DESCRIPTION OF THE TASK =
Looking through the data, please report how many lines contain the string "degrees", giving nothing but the number.

[Items from a dataset]
========
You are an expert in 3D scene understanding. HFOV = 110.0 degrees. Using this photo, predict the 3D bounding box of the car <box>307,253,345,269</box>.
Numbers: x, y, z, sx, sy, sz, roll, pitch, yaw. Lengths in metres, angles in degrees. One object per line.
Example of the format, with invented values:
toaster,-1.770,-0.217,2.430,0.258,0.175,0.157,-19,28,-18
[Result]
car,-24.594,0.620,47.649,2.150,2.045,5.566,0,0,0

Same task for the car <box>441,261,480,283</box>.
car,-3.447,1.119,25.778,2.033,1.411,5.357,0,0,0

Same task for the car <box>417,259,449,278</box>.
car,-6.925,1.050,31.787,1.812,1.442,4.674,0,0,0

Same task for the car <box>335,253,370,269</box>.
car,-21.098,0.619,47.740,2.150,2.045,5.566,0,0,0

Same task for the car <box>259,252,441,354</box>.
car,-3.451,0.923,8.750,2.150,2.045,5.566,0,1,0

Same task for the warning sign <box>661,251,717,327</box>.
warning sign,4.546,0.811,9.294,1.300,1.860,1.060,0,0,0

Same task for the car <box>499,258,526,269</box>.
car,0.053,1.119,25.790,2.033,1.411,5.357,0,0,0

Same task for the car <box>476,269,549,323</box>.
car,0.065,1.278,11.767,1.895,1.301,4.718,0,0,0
========
REPLY TO THE TASK =
2